When the customer is satisfied with the lag, they press Ctrl+C once:

  • The signal handler calls CutoverHandle::request().
  • The streaming apply loop notices the request on its next poll, flushes the last LSN feedback to the source, emits a Cutover event, and returns.
  • The migrator syncs sequences, cleans up replication resources (publication, slot, subscription), and returns with MigrationOutcome::cutover_triggered() == true. The process exits cleanly. Application traffic can now be switched to the target.
  • A second Ctrl+C is treated as an abort (escape hatch — only use it if the graceful path is stuck).

Cutover is always operator-driven; --lag-threshold-bytes is purely advisory and only controls when the one-shot CaughtUp “ready for cutover” event fires.

For online migrations, hold on to migrator.cutover_handle() and call request() from your own signal handler / RPC endpoint when the operator is ready to cut over. See examples/online_migration for a complete program that wires Ctrl+C to the cutover handle.

Performance defaults

The CLI ships with sensible defaults tuned for migration speed. Override only when you have a specific reason.

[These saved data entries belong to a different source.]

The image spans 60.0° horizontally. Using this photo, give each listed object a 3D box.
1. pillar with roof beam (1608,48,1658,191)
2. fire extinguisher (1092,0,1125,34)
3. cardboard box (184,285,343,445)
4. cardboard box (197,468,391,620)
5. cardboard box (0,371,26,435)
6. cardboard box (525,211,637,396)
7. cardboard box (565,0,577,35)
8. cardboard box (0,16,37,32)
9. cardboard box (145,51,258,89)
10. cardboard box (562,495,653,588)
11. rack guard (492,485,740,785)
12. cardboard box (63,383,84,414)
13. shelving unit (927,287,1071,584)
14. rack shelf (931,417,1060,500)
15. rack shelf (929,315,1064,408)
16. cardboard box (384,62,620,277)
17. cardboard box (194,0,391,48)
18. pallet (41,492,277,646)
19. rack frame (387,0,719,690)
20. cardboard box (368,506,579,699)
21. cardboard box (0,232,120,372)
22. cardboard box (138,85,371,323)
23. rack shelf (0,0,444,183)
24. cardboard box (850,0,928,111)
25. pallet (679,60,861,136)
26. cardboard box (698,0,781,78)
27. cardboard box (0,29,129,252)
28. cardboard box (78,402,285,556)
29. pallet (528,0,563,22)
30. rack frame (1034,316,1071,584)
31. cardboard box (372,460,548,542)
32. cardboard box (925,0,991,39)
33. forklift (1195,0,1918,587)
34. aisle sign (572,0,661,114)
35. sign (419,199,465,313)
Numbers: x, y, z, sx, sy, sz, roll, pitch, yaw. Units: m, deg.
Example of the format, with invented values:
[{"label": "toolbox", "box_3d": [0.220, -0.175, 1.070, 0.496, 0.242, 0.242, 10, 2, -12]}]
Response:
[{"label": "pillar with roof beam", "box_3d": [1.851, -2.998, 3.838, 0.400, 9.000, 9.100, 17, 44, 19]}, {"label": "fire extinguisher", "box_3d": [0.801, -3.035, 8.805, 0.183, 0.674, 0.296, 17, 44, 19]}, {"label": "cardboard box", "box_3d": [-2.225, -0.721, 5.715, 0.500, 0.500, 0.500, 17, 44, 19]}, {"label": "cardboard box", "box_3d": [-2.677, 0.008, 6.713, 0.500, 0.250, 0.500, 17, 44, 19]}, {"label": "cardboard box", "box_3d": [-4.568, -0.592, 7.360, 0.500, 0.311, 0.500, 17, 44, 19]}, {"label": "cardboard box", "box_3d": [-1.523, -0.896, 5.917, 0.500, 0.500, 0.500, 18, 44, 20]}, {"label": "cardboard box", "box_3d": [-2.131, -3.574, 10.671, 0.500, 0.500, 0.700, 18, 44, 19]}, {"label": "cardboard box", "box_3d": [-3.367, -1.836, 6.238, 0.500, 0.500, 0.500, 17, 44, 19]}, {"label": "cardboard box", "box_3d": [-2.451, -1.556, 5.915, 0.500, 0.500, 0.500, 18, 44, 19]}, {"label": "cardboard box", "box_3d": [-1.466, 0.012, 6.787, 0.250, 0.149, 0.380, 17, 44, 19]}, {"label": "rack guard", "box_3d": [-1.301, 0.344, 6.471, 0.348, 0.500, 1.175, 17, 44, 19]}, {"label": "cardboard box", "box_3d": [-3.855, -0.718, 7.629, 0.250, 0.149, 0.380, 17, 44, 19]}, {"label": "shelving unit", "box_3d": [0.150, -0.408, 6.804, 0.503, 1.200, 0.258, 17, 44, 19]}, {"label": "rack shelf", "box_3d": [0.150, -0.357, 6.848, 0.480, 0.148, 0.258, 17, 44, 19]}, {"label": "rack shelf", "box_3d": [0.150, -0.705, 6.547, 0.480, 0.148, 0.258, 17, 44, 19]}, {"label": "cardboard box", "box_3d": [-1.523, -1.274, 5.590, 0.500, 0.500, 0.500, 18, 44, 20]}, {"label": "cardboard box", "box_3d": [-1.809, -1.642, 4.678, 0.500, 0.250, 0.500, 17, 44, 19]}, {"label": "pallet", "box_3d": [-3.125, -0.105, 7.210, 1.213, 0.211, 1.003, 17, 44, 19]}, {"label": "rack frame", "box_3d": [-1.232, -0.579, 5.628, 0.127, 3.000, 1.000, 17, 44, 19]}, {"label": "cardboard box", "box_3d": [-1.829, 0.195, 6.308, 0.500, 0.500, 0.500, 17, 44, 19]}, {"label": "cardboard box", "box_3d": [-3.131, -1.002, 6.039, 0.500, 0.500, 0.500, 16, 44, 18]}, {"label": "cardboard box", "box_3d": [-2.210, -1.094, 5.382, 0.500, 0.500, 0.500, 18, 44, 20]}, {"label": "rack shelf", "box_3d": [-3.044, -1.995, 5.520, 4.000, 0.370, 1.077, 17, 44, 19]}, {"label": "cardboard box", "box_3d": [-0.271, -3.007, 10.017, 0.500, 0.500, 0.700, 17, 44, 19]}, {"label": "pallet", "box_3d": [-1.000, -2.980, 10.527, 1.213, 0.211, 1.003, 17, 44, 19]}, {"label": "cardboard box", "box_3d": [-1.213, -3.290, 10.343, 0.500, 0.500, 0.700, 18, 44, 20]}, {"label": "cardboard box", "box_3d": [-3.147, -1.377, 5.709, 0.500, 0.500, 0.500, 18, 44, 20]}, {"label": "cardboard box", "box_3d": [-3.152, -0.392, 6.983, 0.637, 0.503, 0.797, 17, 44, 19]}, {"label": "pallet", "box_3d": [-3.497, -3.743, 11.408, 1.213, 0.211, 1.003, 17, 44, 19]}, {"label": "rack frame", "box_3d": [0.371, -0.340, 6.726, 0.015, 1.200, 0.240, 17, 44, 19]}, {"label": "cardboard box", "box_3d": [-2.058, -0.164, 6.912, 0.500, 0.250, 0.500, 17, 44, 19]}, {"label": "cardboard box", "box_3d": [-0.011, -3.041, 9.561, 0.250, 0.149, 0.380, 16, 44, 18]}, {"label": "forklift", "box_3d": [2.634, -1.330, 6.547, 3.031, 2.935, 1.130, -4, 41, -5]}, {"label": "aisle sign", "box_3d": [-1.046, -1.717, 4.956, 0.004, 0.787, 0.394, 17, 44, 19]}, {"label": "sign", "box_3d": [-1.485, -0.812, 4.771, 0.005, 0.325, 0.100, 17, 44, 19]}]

Default Flag to override Effect
Split-section restore --no-split-sections Bulk COPY without index maintenance, then rebuild indexes in parallel. 30-60% faster on index-heavy schemas.
lz4:1 dump compression --dump-compress <spec> Negligible CPU, 3-5x smaller archive. Use zstd:3 for better ratio, none to disable.
--no-sync on dump --keep-sync Skip fsync on transient dump files.
--no-comments (not exposed) Omit COMMENT ON statements from dump.
--no-security-labels (not exposed) Omit SE-Linux security labels from dump.
--no-publications --keep-publications Don't dump publication definitions to the target.
--no-subscriptions --keep-subscriptions Don't dump subscription definitions to the target.
Auto-detect --jobs --jobs N Clamps to [1, 8] based on host CPU count.
Pre-dump VACUUM ANALYZE --skip-source-vacuum Clean heap pages + fresh stats before dump.
Post-restore ANALYZE --skip-analyze Fresh planner stats on target immediately after restore.

Benchmark

See BENCHMARK.md for migration performance results across 10 GB -- 200 GB datasets (PG 16 -> PG 18, 8 parallel jobs, zstd compression).

Known limitations

  • The streaming apply loop binds replicated values as text and lets the server cast them. Custom column-level transforms are not supported.
  • DDL changes are not migrated automatically — refresh the publication and restart the migration if the schema changes during the run.
  • Extensions whose internal state cannot be re-created on the target (Azure-reserved extensions, pg_cron metadata, ...) may cause pg_restore to exit with code 1. Pass --allow-restore-errors to treat that as a non-fatal warning when user data was restored successfully.
  • Sequence sync at cutover requires the target role to have permission to call setval() on the destination sequences. Per-sequence failures are logged but do not abort cutover — inspect the warnings and re-setval manually if needed, or pre-grant USAGE on the sequences before the migration.